During a meeting on Tuesday in Jerusalem with visiting Romanian Prime Minister Ludovic Orban, Israeli Prime Minister Benjamin Netanyahu expressed his appreciation for Bucharest’s assistance over the years in presenting a “sensible case” to the European Union on Israel’s behalf.

Referring to Israel’s recent forging of U.S.-brokered peace agreements with the United Arab Emirates, Bahrain and Sudan, Netanyahu said that these Arab countries “obviously have a different view of the situation … in the Middle East than some of the traditional bureaucracies of the E.U.”

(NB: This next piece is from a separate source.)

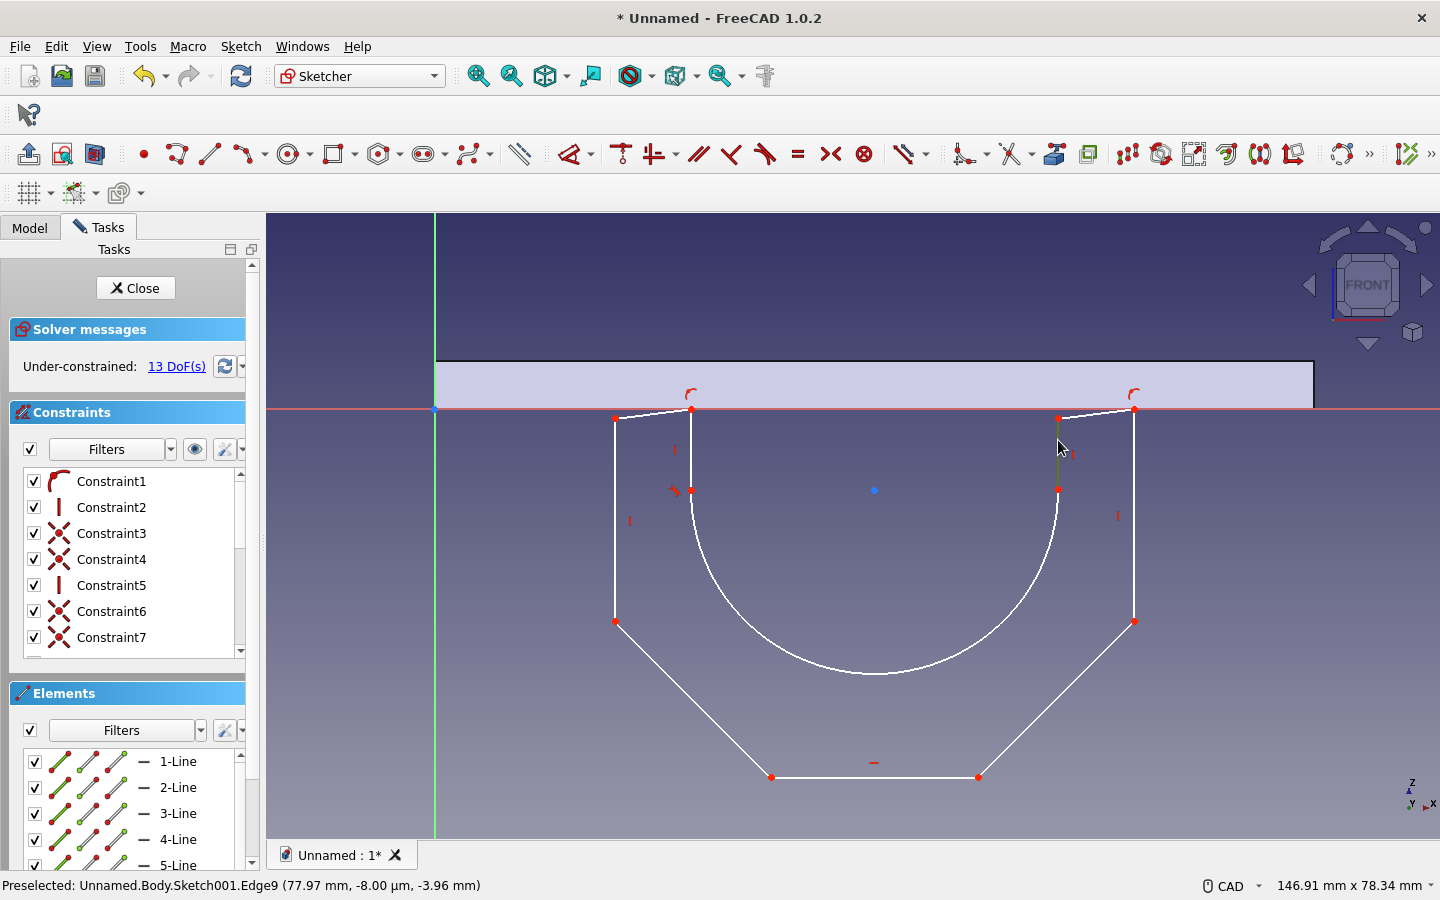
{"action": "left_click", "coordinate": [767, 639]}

Netanyahu also stated that Israel “will continue to value [Romania’s] assistance in explaining to the E.U. the changing circumstances in the Middle East that are advancing peace and prosperity for all.”

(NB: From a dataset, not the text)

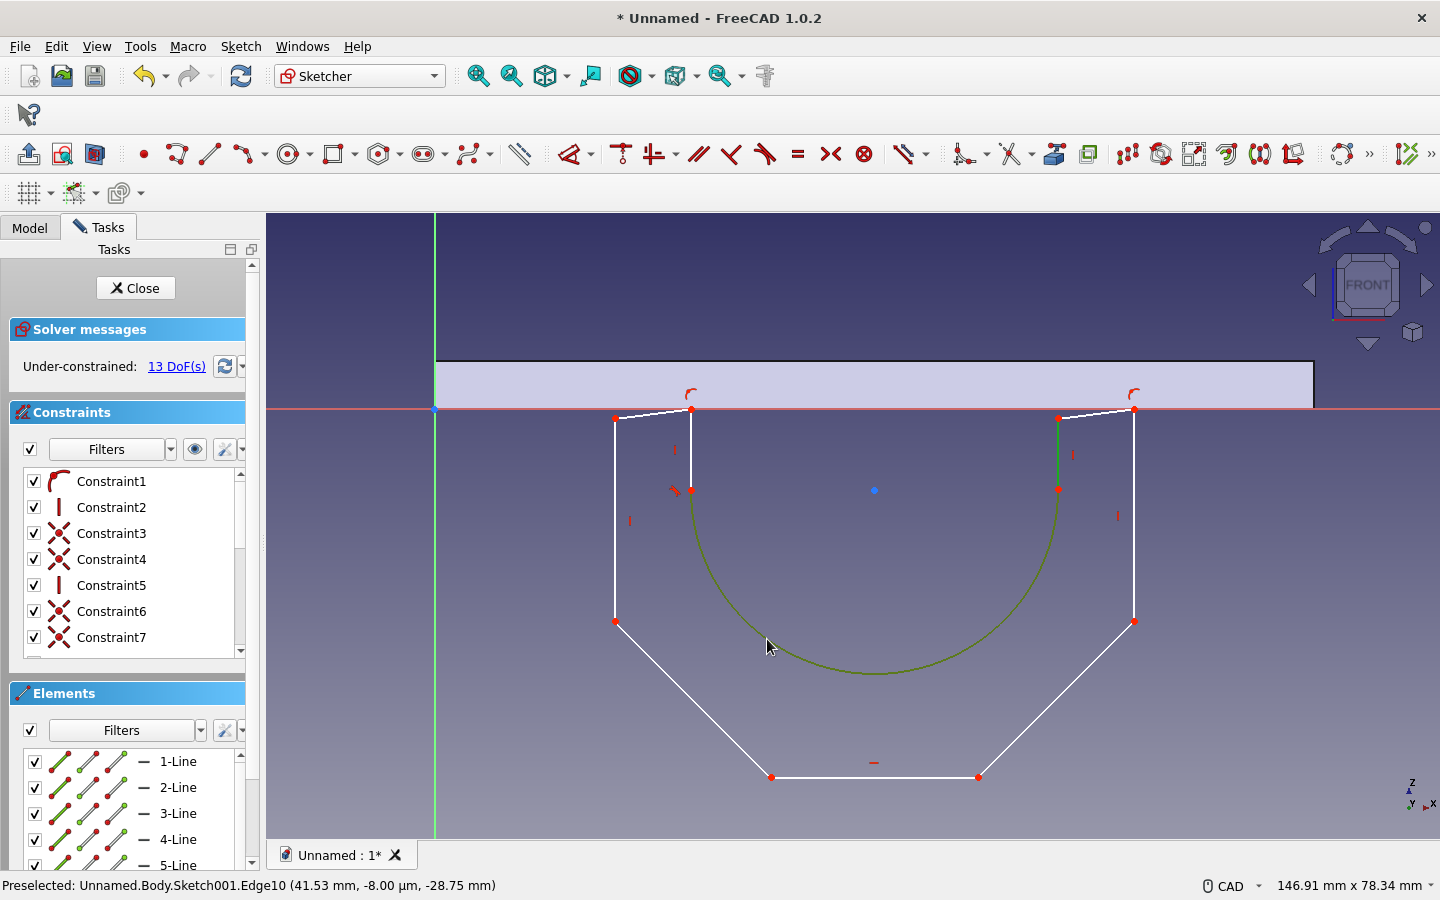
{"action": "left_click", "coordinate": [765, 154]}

According to the Prime Minister’s Office, Netanyahu began the meeting by addressed in Monday evening’s terrorist attack in Vienna.

“A few moments ago, I spoke to our colleague, [Austrian Chancellor] Sebastian Kurz, [and] told him that the people of Israel stand with Austria, as I know the people of Romania do and so many others, against the savagery of Islamist terrorism,” said Netanyahu. “We are cooperating … with our intelligence and [in] every other way that we can.”

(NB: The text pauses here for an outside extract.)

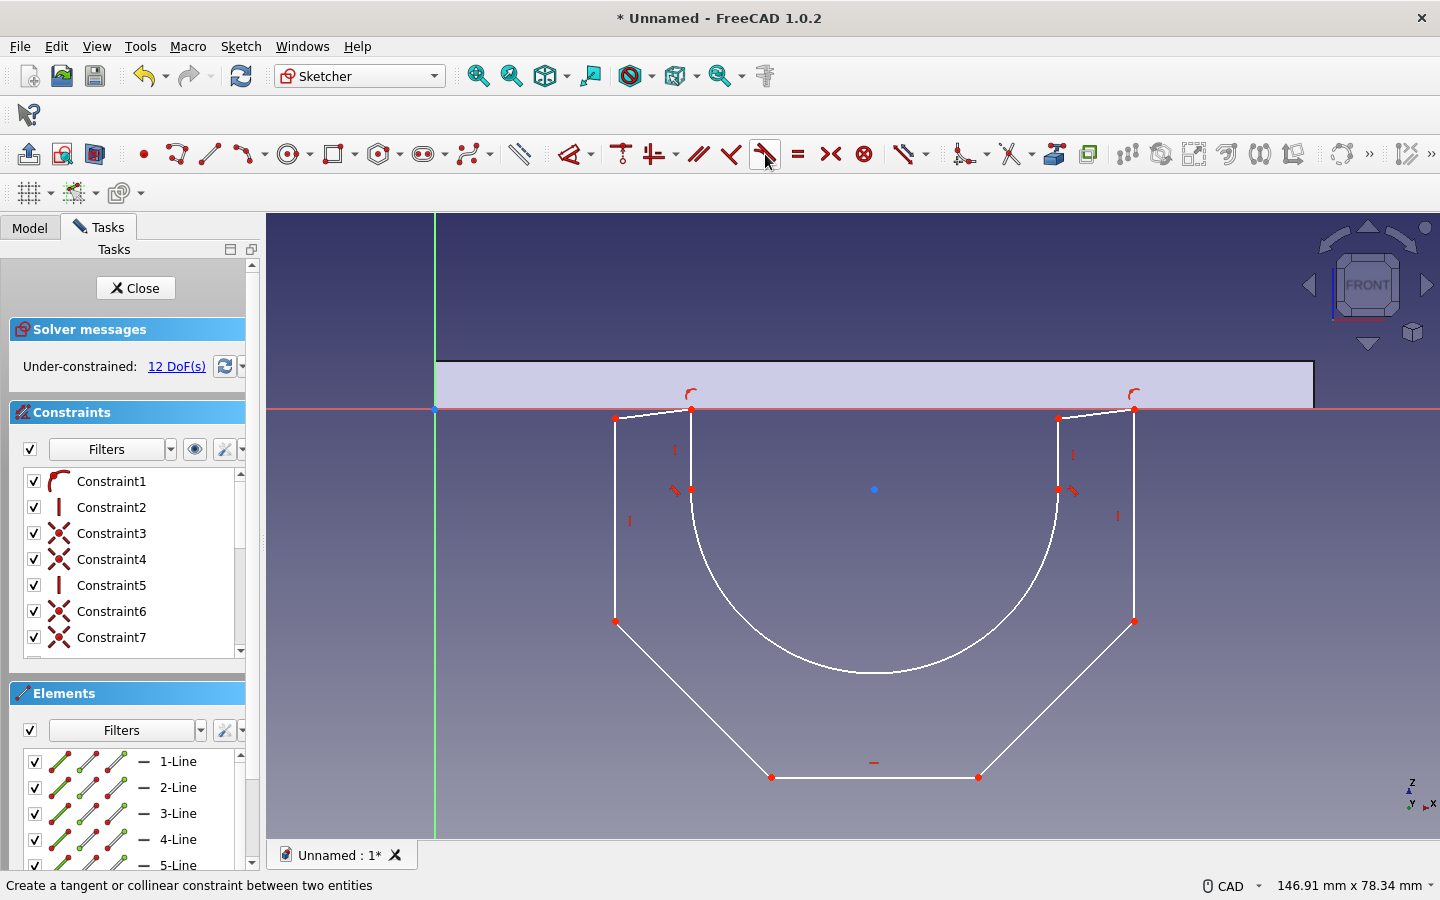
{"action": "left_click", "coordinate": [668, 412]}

“The same is true of corona,” he continued. “I spoke yesterday to my friend [Greek Prime Minister] Kyriakos Mitsotakis … to see how we can cooperate on corona, and just recently … with our colleague [Czech Prime Minister Andrej Babiš] to see again how we can cooperate and help each other in this. This is something that happens as a matter of course with Romania. Our friendship has been very, very powerful between the people of Israel and the people of Romania. We have hundreds of thousands of Romanians who came to Israel, and they’re a human bridge … .

“We are committed not only to our common past but to a future. And the future belongs to those who innovate,” he said. “Innovation is the key to assuring the prosperity, safety and health of our people in the future. And in this, Israel and Romania are cooperating in many fields: in cybersecurity, water management, agriculture, health, space and many other areas.”

“But the most important thing,” he stressed, “is that our business sectors, our business people, our entrepreneurs … cooperate. And for this purpose, we’re going to sign today a treaty on avoiding double taxation, which from my experience has always enhanced trade and investments in a very rapid way. So, I think this is very good news for Romania and for Israel.”